Just how tough is Pat?

By Dave Arthur

Revelations that Pat Rafter was once challenged to a few fisticuffs behind the cabana by serial tennis bad boy Jeff Tarango stirred the Rave this week.

No surprises with Tarango whose antics were surpassed only by his trouble and strife when she slapped an umpire around the chops when she thought her hubby was getting a raw deal!

But Rafter always struck me as the archetypal nice guy, true blue, fair dinkum, Australian of the year no less, right up there with Cathy, Thorpie and Dawnie in our sporting affection.

Add to that his quiet charitable achievements and it wouldn't have surprised had he made the semi's at last month's ATP Vatican Masters.

Alas it seems he had a latent dark side that only Andrew Denton could prise out of him.

Perhaps we dismissed a few clues as we universally cheered him to US Open glory, but then again I never realised that wearing black, Miami Vice designer stubble and a ridiculous pony tail were an indication of anything other than diabolical fashion sense!

And then there was his busted nose ? forgive me but that was a real Roman schnorker ? roamin' all over his face!

Whether it came from rumbling with Rios, scrapping with Sampras or brawling with his brothers we'll never know ? but bent it most certainly was.

I was under the impression that the old fashioned toe to toe, duke it out stoush was a distant memory (which given I possess the boxing ability of a fallen tree was a bit of a relief) and then out comes 'Pat the Pug' with his admission of fistic fury.

Well all except for the fact that, in the face of Rafter's invitation Tarango turned yellow and was a no show!

Cricketing heaven

TWO ninety-year-old men, Nev and Vic, have been friends all their lives.

It seems that Vic is dying, and so Nev comes to visit him every day.

"Vic," says Nev, "You know how we have both loved cricket all our lives, and how we played together for so many years.
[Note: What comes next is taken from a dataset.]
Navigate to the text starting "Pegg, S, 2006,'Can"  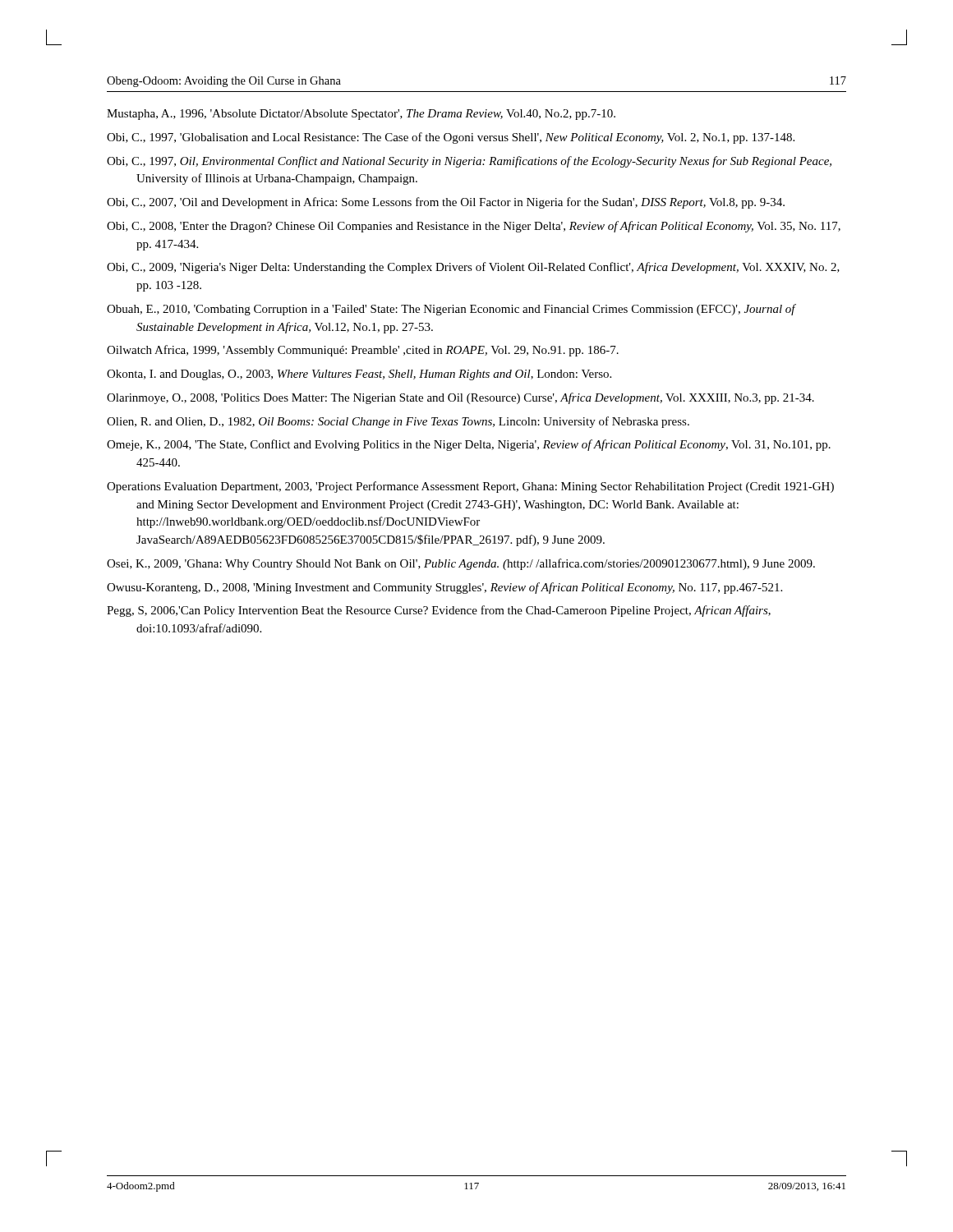pos(439,619)

Vic, you have to do me one favour.

When you get to Heaven, and I know you will go to Heaven, somehow you've got to let me know if there's cricket up there."
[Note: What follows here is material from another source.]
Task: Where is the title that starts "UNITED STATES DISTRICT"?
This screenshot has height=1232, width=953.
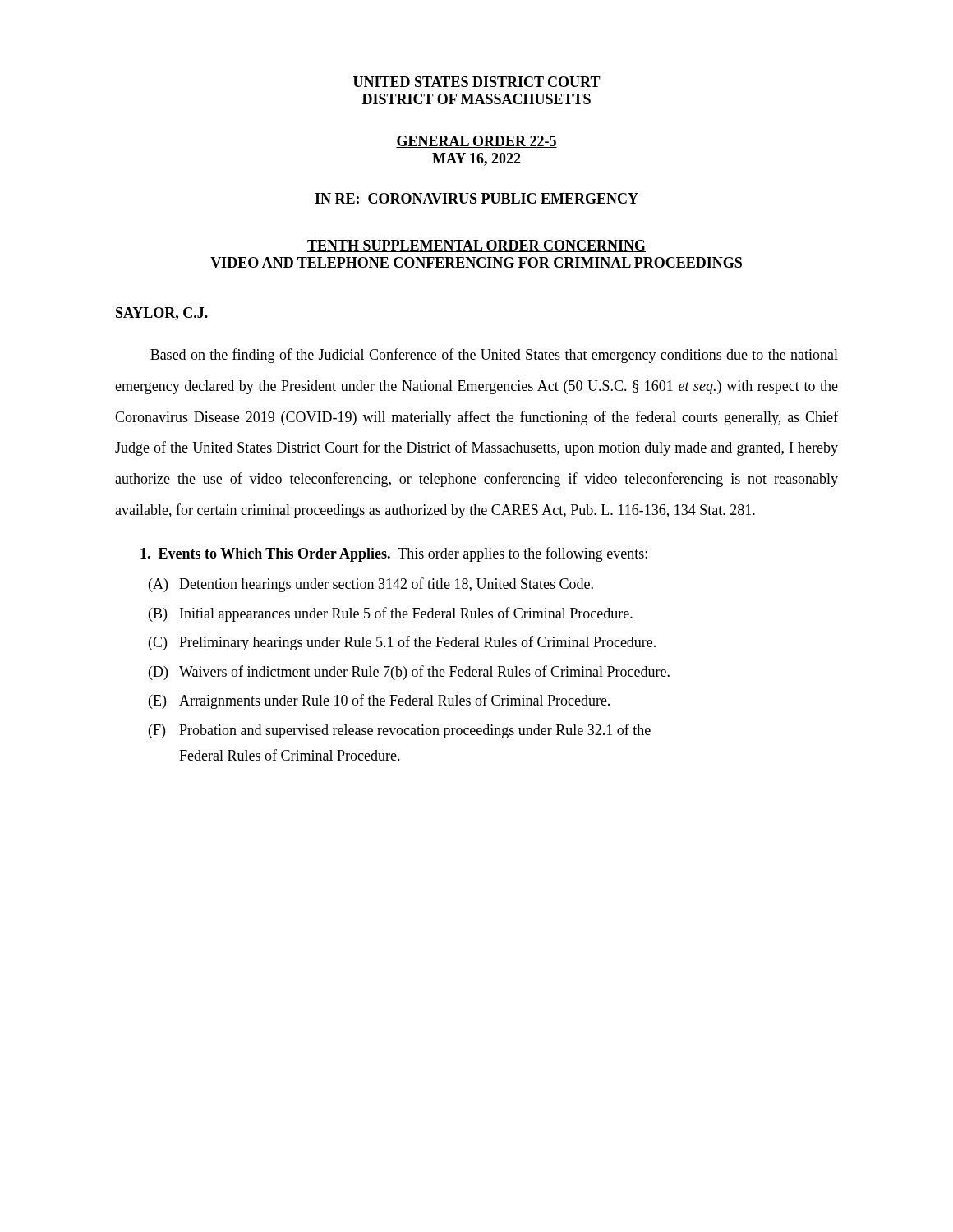Action: click(476, 91)

Vic looks up at Nev from his death bed, and says, "Nev, you've been my best friend for many years and if it's at all possible, I'll do for you."
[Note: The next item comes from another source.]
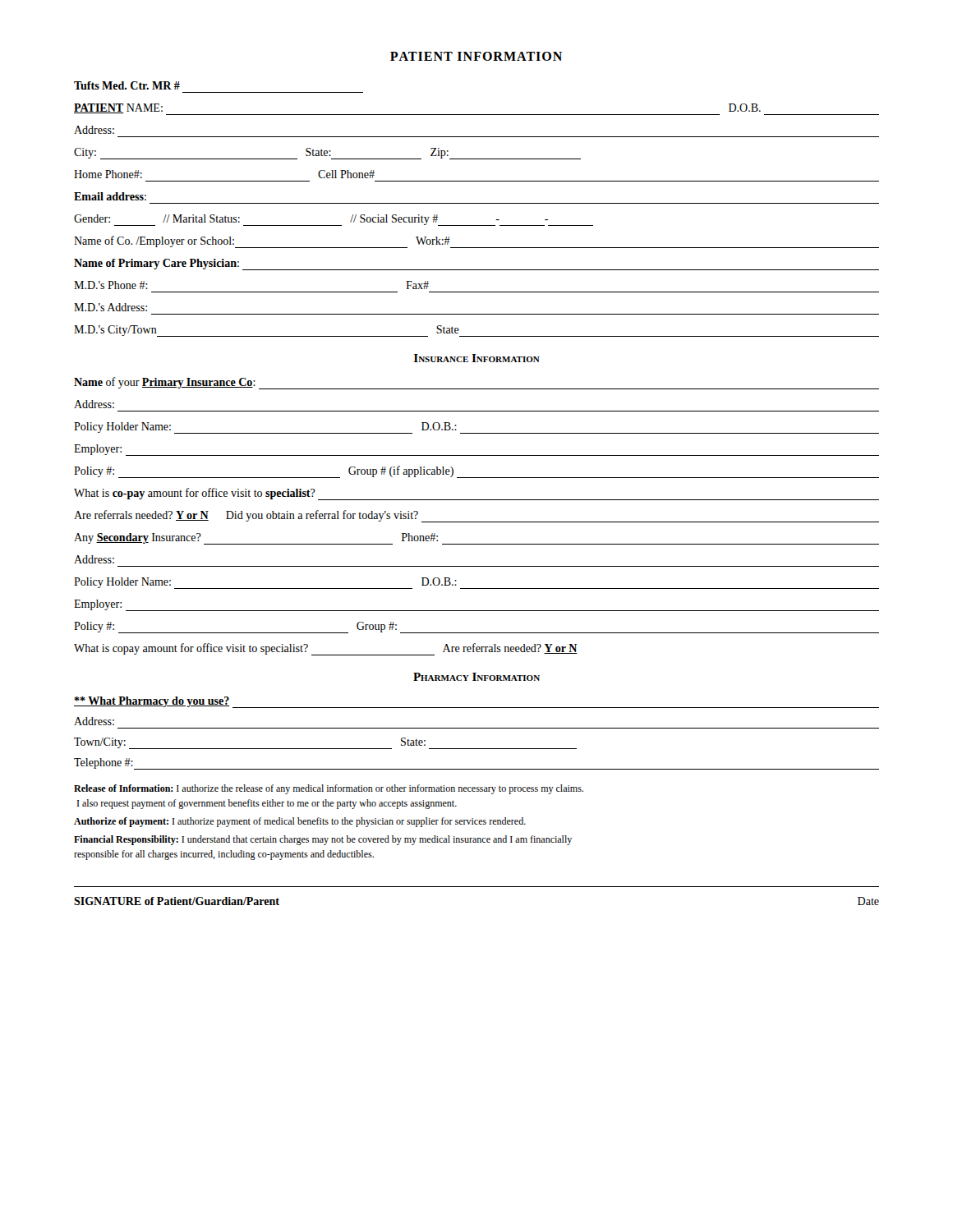The height and width of the screenshot is (1232, 953).
Task: Locate the text containing "PATIENT NAME: D.O.B."
Action: pos(476,108)

Shortly after that, Vic passes on. It is midnight a couple of nights later.

Nev is sound asleep when he is woken by a blinding flash of white light and a voice that calls out to him, "Nev....Nev....""Who is it?" says Nev sitting up suddenly. "Who is it?"

"Nev, it's me, Vic."

"Come on. You're not Vic. Vic just died."

"I'm telling you," insists the voice. "It's me, Vic!"

"I'm in heaven and I've got to tell you, I've got some really good news and some really bad news.

"So, tell me the good news first," says Nev.

"The good news is that there is cricket in heaven. Better yet, all our old buddies who've gone before us are there and we're all young men again. Even better it's always spring time and it never rains or snows. And best of all, we can play cricket all we want, and we never get tired!"

"Really?" says Nev, "That's fantastic, wonderful beyond my wildest dreams! But, what's the bad news?"You're opening the batting next Tuesday."